* **EXERCISE INSTRUCTIONS**: An exact reproduction is needed of every line from the beginning of the data down to and including the line that contains "[0.0s-12.0s]", minus the pictures.

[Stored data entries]
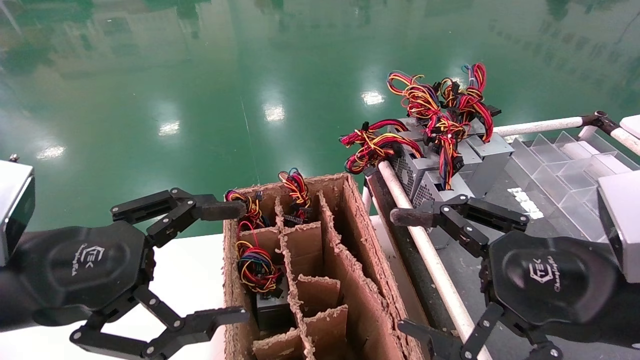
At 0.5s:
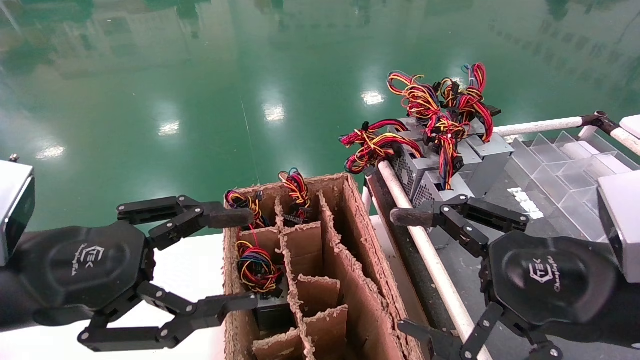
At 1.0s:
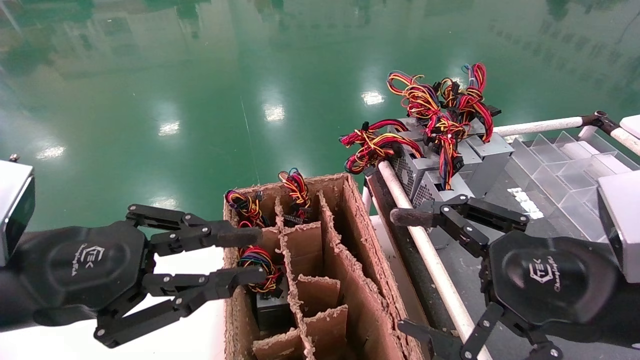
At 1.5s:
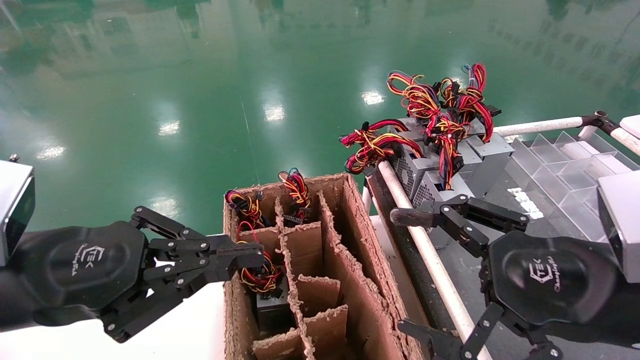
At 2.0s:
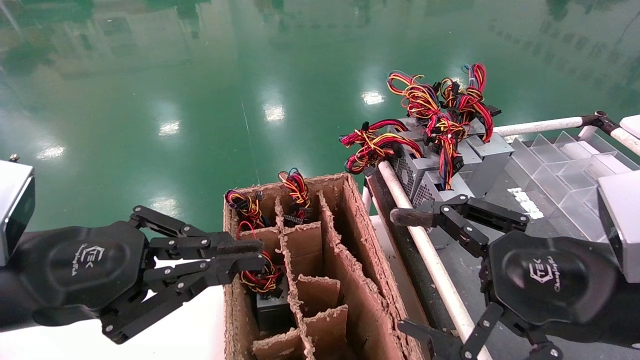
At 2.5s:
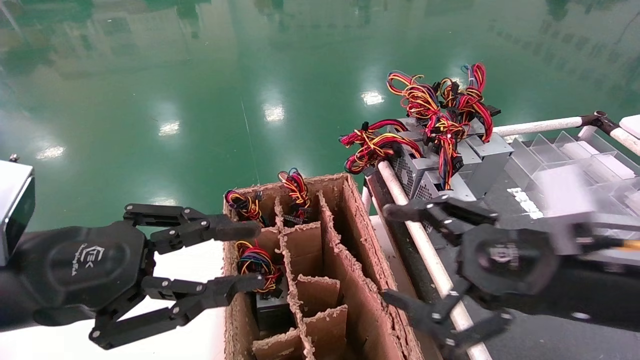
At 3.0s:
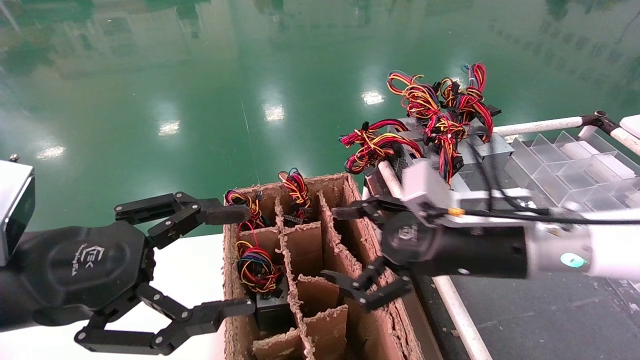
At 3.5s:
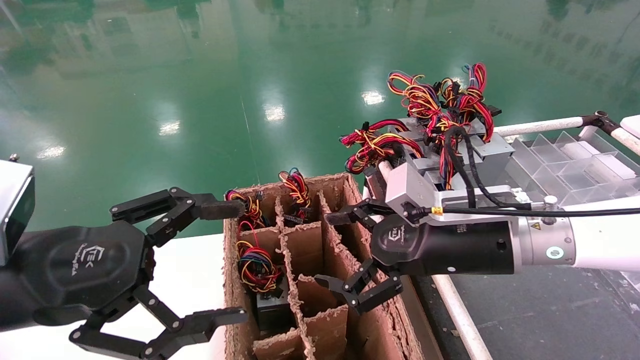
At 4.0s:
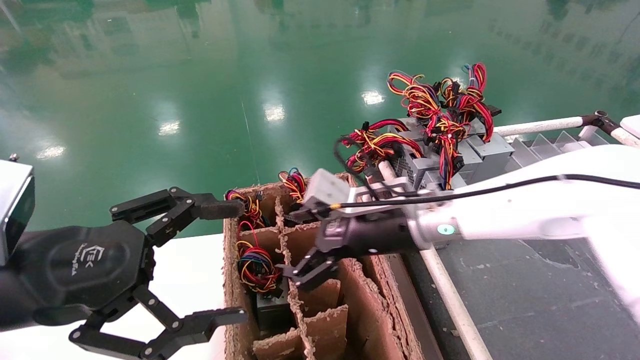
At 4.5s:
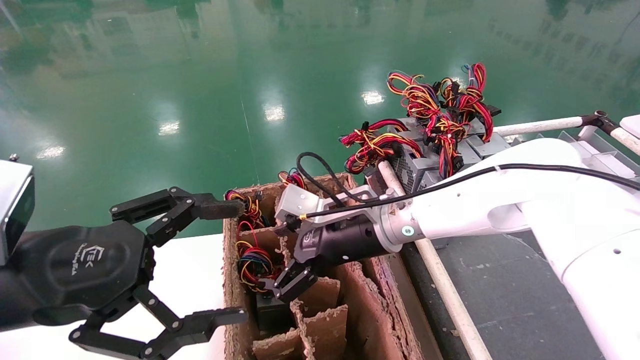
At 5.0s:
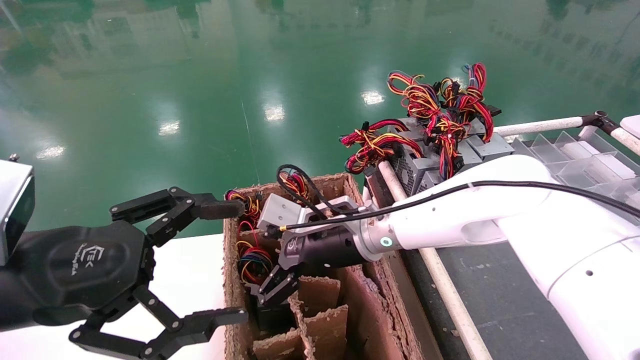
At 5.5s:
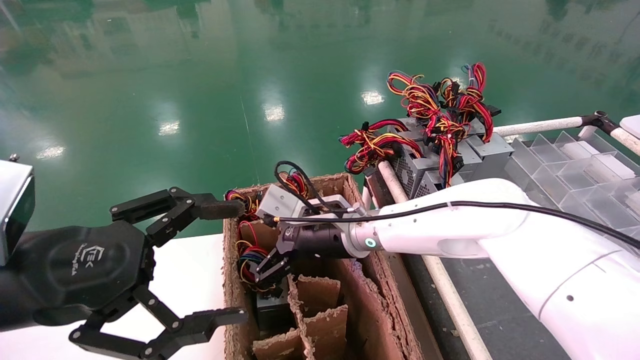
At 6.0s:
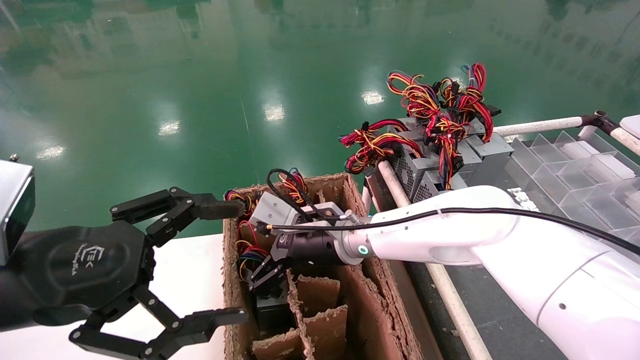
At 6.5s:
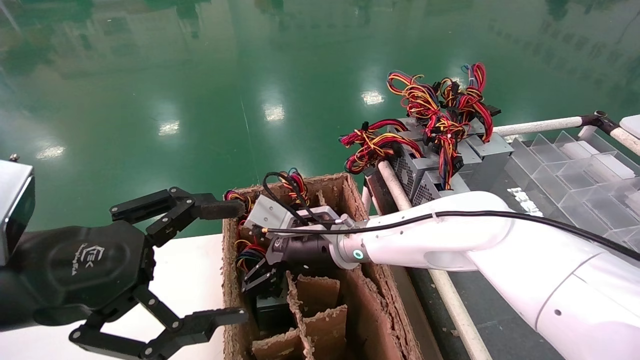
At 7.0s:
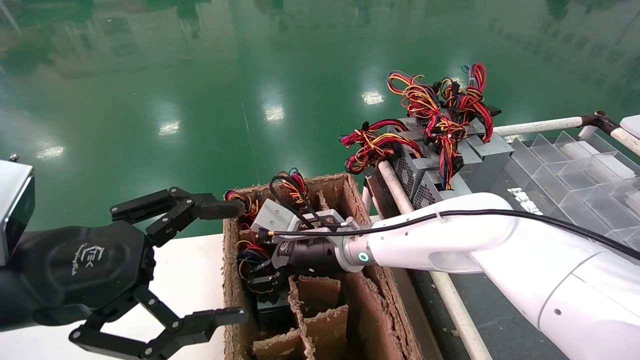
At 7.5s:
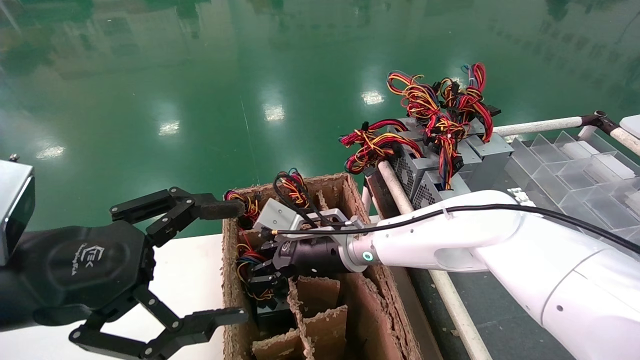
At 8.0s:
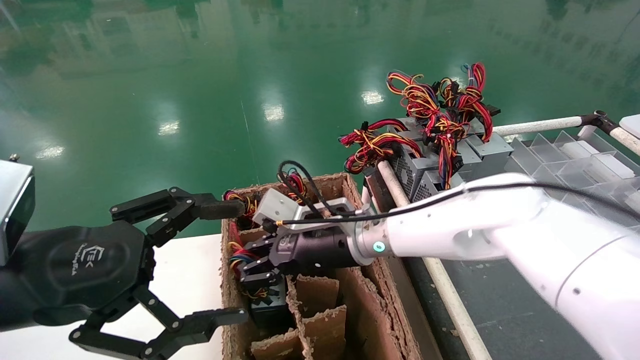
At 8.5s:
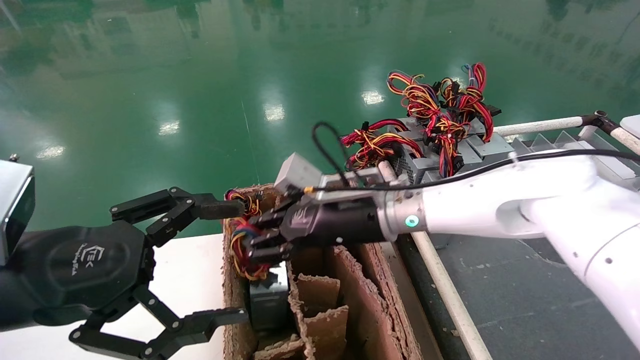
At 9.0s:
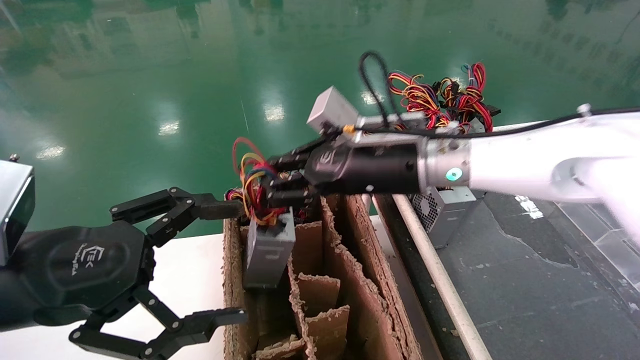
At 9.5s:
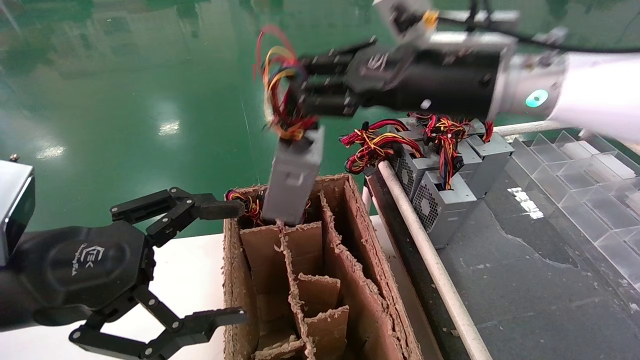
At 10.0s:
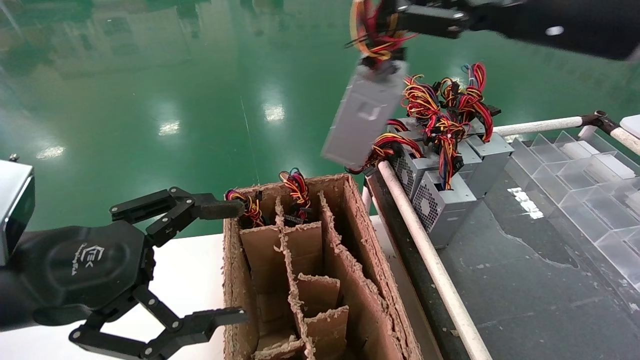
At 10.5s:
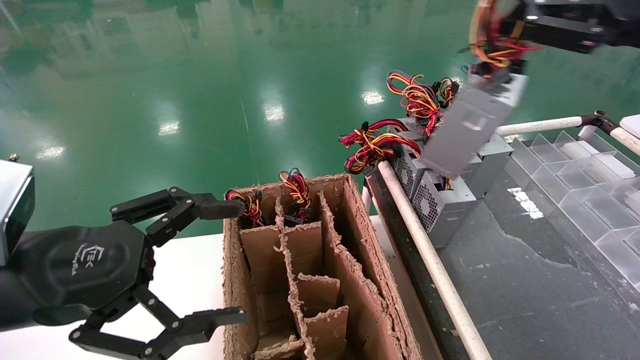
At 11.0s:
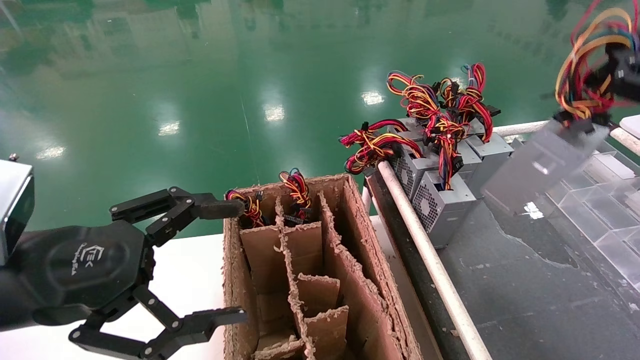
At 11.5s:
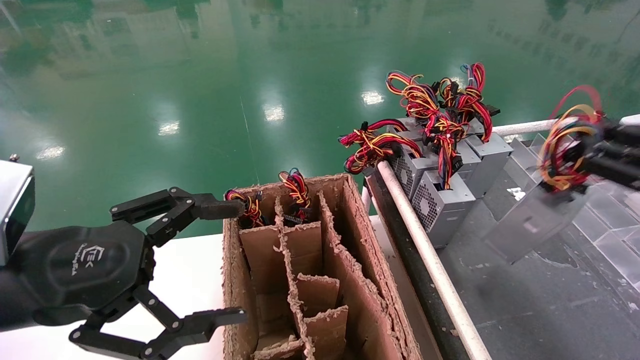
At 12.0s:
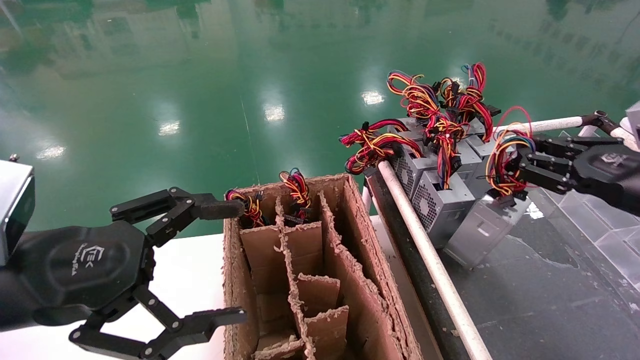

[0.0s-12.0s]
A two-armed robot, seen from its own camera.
Step, 2.5s to 7.5s: Grab and lift the power supply from the large box.
0.0s to 2.0s: The left gripper closes up.
2.0s to 4.0s: The left gripper opens. Meanwhile the right gripper shifts approximately 25 cm forward and to the left.
4.0s to 6.0s: The right gripper heads to the left, covering about 10 cm.
6.0s to 8.0s: The right gripper closes up.
8.0s to 10.0s: The right gripper travels upward and to the right by about 35 cm.
10.0s to 12.0s: The right gripper heads downward and to the right, covering approximately 20 cm.

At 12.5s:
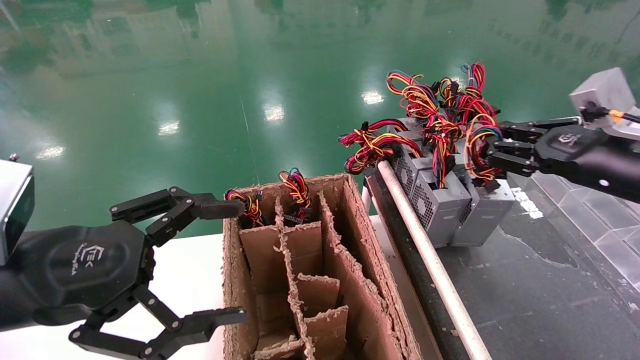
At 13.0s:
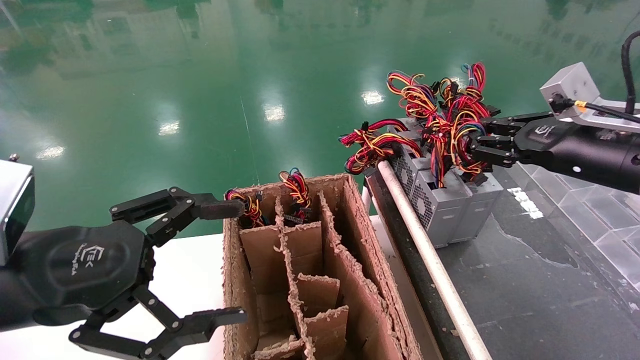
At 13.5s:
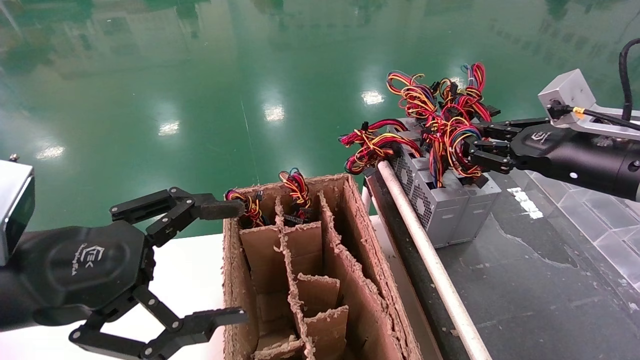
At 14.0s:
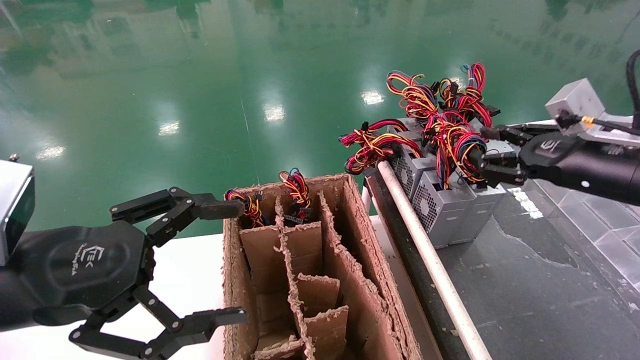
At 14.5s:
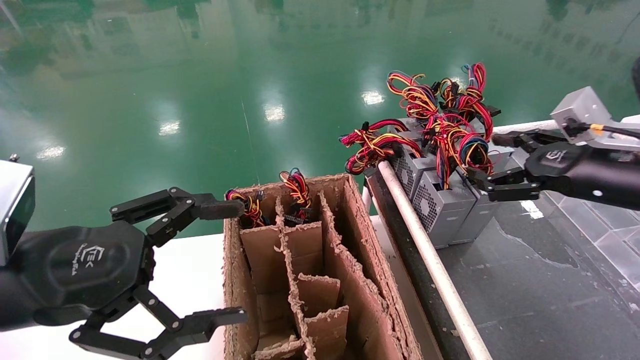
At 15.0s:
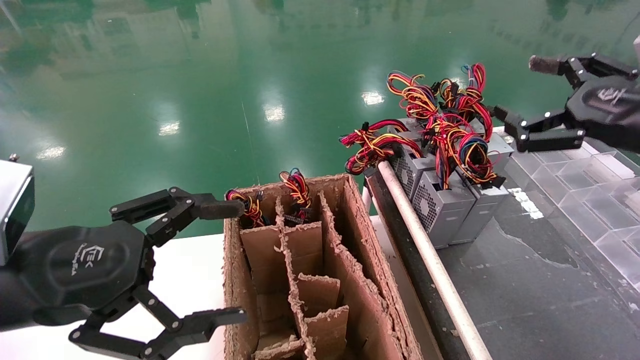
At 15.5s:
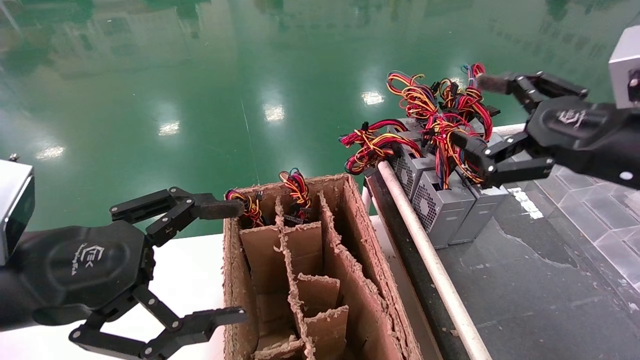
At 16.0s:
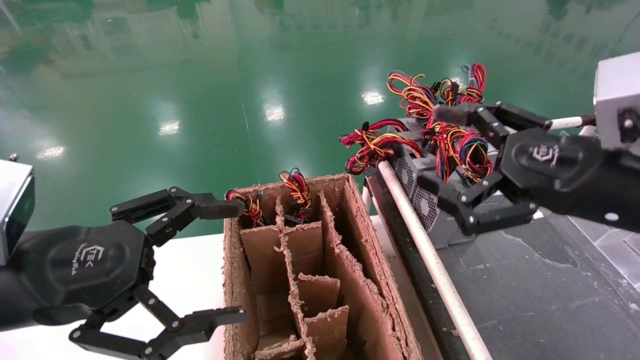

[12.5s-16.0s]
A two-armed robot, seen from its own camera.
12.5s to 14.5s: The right gripper opens.
14.5s to 16.0s: The right gripper moves backward and to the left, about 10 cm.
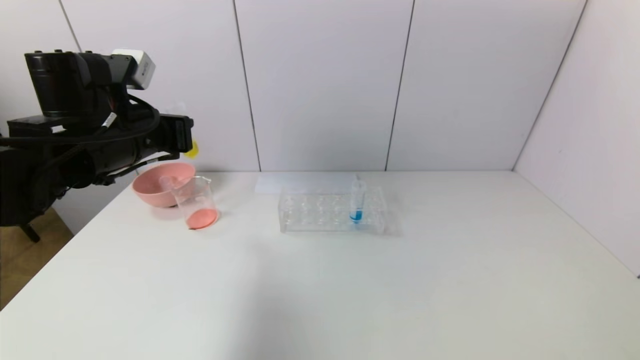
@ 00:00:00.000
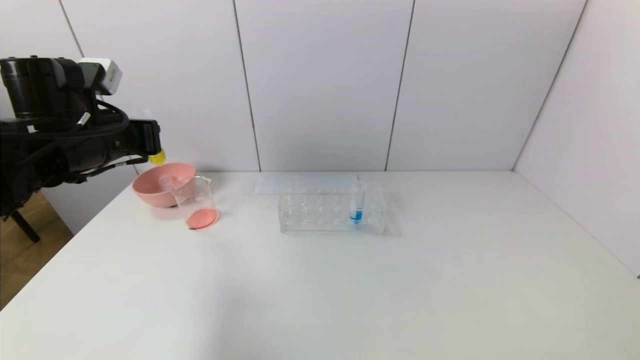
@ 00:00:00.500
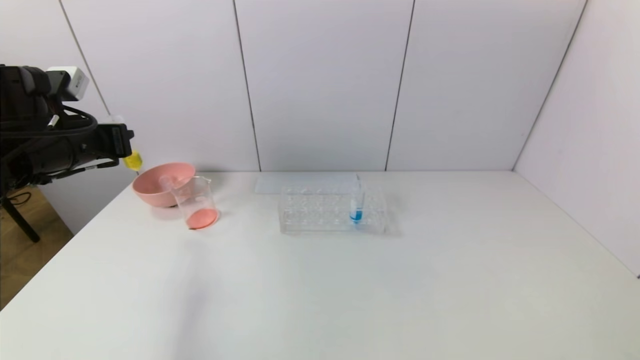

* **RESULT**:
At 0.5s:
At 1.0s:
At 1.5s:
At 2.0s:
At 2.5s:
At 3.0s:
At 3.5s:
At 4.0s:
At 4.5s:
At 5.0s:
At 5.5s:
At 6.0s:
At 6.5s:
At 7.0s:
At 7.5s:
At 8.0s:
At 8.5s:
At 9.0s:
At 9.5s:
At 10.0s:
At 10.5s:
At 11.0s:
At 11.5s:
At 12.0s:

[0.0s-12.0s]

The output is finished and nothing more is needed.